= The Lord's Ranch =

Outreach ministry

The Lord's Ranch is the name of an outreach ministry located in Vado, New Mexico, United States, that ministers heavily to the poor in Ciudad Juárez, Chihuahua, Mexico.

==History==
The ranch was founded by Father Rick Thomas who was moved on Christmas Day of 1972 to bring food to the poor people of Cd. Juárez. His inspiration came from Scripture, Luke 14:13, "But when you give a banquet, invite the poor, the crippled, the lame and the blind." Thomas reported that he and a couple dozen others brought enough food for about 160 people, but in the end they served more than 300 people, where they frequently scavenged at the local dump for a living with ample for take-home bags, and still more for children at two orphanages. Much of this is discussed in the Miracles section. Thomas's ongoing commitment started with food and clothing distribution and grew from there. Eventually, Juarez moved the dump, and a mission sprung up in its place which included a school, a daycare facility and a clinic.

==Ministries==
The ranch serves as a residence for a few community members, a summer camp for poor children from El Paso and a retreat center for visitors from all over the world. Groups who stay there usually offer a donation.
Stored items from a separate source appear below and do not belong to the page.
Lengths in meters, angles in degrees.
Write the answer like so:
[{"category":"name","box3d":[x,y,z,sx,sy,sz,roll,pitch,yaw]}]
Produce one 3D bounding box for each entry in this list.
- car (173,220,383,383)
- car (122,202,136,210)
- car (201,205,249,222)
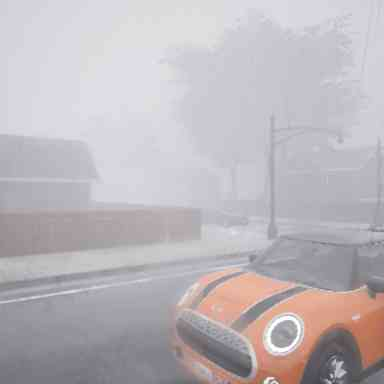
[{"category":"car","box3d":[1.957,1.396,4.955,4.553,1.767,2.097,1,-1,-35]},{"category":"car","box3d":[-7.823,1.988,41.569,2.128,1.511,4.902,0,-1,-30]},{"category":"car","box3d":[2.250,1.826,25.430,1.882,1.535,5.008,0,0,-34]}]
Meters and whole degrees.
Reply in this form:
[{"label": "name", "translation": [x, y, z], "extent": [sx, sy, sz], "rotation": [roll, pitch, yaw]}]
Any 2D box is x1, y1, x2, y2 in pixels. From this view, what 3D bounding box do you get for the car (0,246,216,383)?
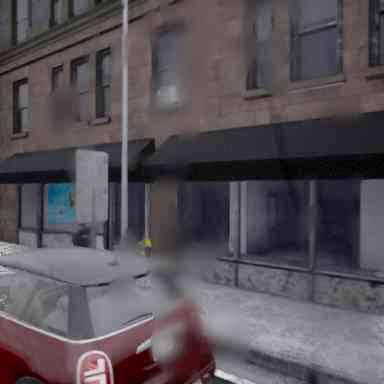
[{"label": "car", "translation": [-1.831, 1.414, 4.119], "extent": [4.097, 1.590, 1.967], "rotation": [0, 0, 36]}]
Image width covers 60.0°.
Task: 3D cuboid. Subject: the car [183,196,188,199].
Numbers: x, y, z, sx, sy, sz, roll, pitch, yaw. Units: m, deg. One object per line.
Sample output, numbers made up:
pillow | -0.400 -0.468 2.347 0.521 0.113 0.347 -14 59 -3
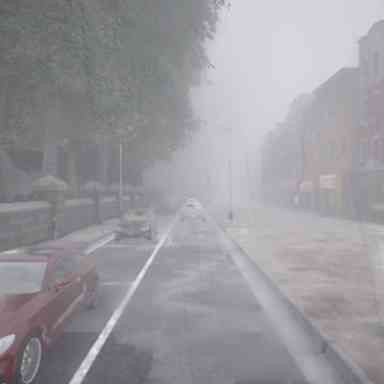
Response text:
car | 0.090 1.586 43.528 1.812 1.442 4.674 0 0 0

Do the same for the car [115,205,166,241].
car | -2.645 1.559 16.575 2.008 1.369 4.403 0 0 0

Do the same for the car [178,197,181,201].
car | -2.650 1.594 39.330 1.887 1.381 4.507 0 0 0

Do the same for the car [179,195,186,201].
car | -2.661 1.715 94.462 1.967 1.590 4.097 -1 0 0

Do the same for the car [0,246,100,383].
car | -2.643 1.582 5.198 1.802 1.307 4.206 0 0 0

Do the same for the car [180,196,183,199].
car | -2.651 1.616 45.019 2.008 1.369 4.403 -1 0 0

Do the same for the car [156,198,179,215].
car | -2.649 1.581 33.641 1.887 1.381 4.507 0 0 0

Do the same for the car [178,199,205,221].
car | 0.087 1.549 27.038 1.812 1.442 4.674 0 0 0
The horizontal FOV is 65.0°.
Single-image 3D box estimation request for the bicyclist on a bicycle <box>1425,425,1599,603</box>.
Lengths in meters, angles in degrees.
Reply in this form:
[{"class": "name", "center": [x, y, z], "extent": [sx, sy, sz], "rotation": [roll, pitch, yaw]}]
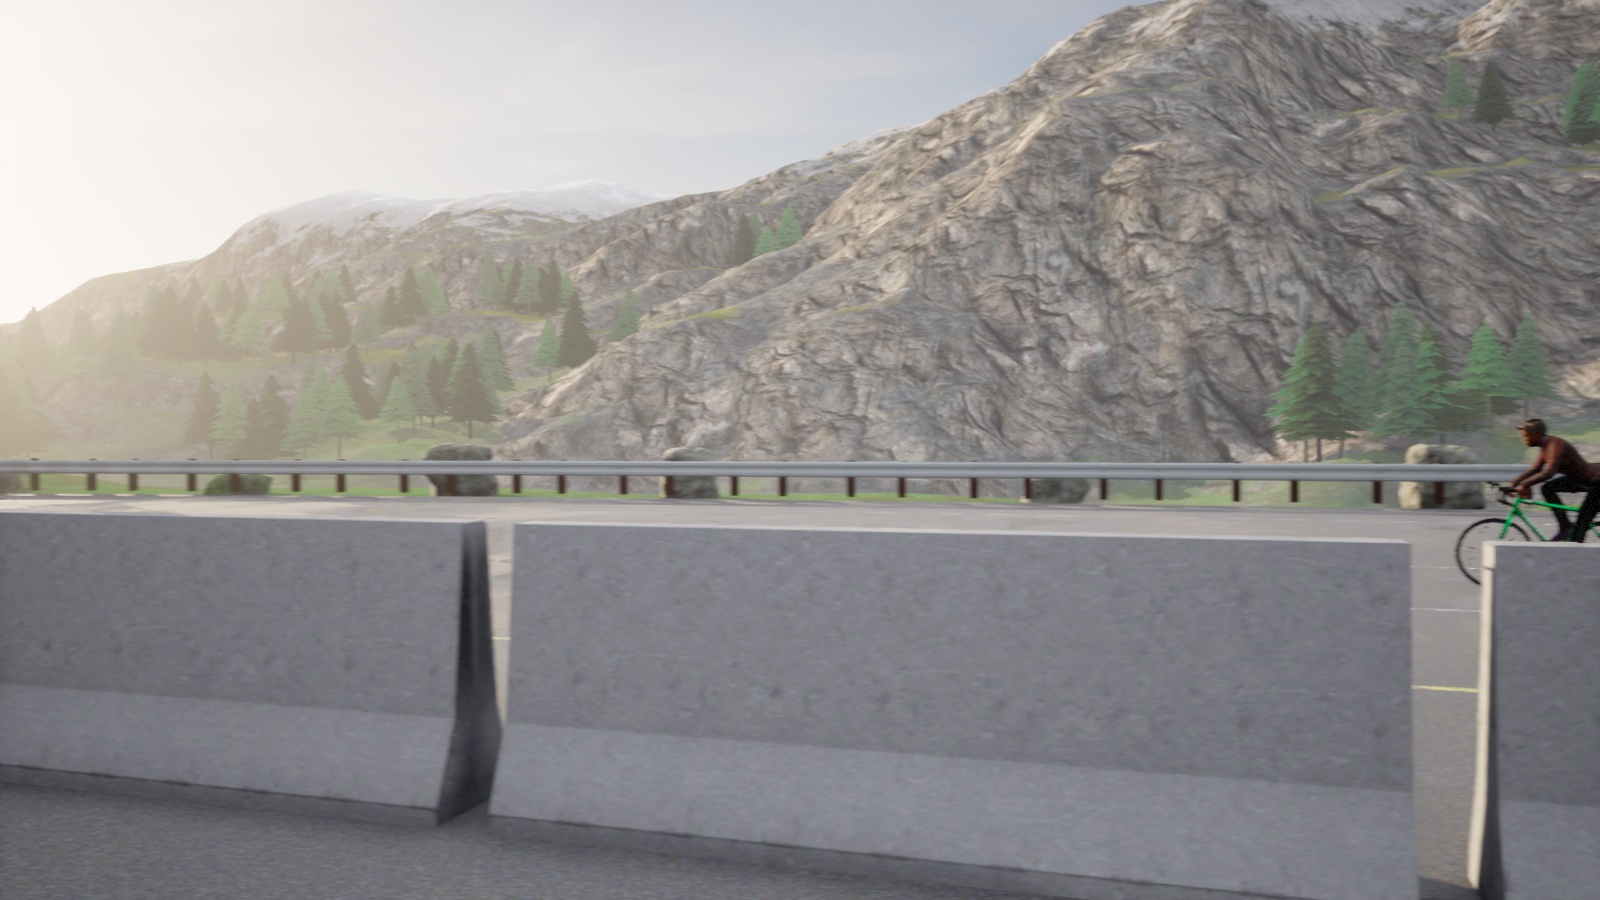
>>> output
[{"class": "bicyclist on a bicycle", "center": [6.883, 0.579, 11.902], "extent": [1.656, 1.620, 0.582], "rotation": [0, 1, 20]}]

===Anti-Abortion Activism===
Part of the ministry is for anti-abortion activism, mostly on the state side in front of abortion clinics. They hold peaceful protests where they stand in front of the clinics with signs and pray for the people going in and their fetuses. They also try to confront the mothers as they go in and convince them of alternatives to abortion. They also try to convince the groups who come through as to the importance of the issue.

===Mexican Poor===
The other part of the ministry is ministering to the Mexican poor. They pray over the sick and feed the poor. While they hand out food every day during their ministry all over Cd. Juárez which is packaged by volunteers either in their church building stateside, or at the mission site on the former dump in Juárez. The food goes to people that would otherwise not eat very often on their minimum wage jobs.

==Miracles==
There have been alleged accounts of the miracles that occur with their ministry. It has been reported by visiting missions teams that the food and water that they bring across the border is allegedly multiplied in the same ways that the Bible cites in John 6:11-13. The alleged miracles started early when Fr Thomas brought food for 160 people on Christmas 1972, but allegedly ended up serving over 300 people at the Juárez dump. There was also extra food that they took to two local orphanages. The miracles aren't limited to food, as missing pieces to a radio tower they were building for their in house radio station allegedly materialized after being lost in shipping.

The ministry has grown and they now give out $6,000 worth of food a week and on top of the other ministries they operate. However, the Lord's Ranch does not ask for donations or take a collection during mass. They rely heavily on the donations of visiting groups.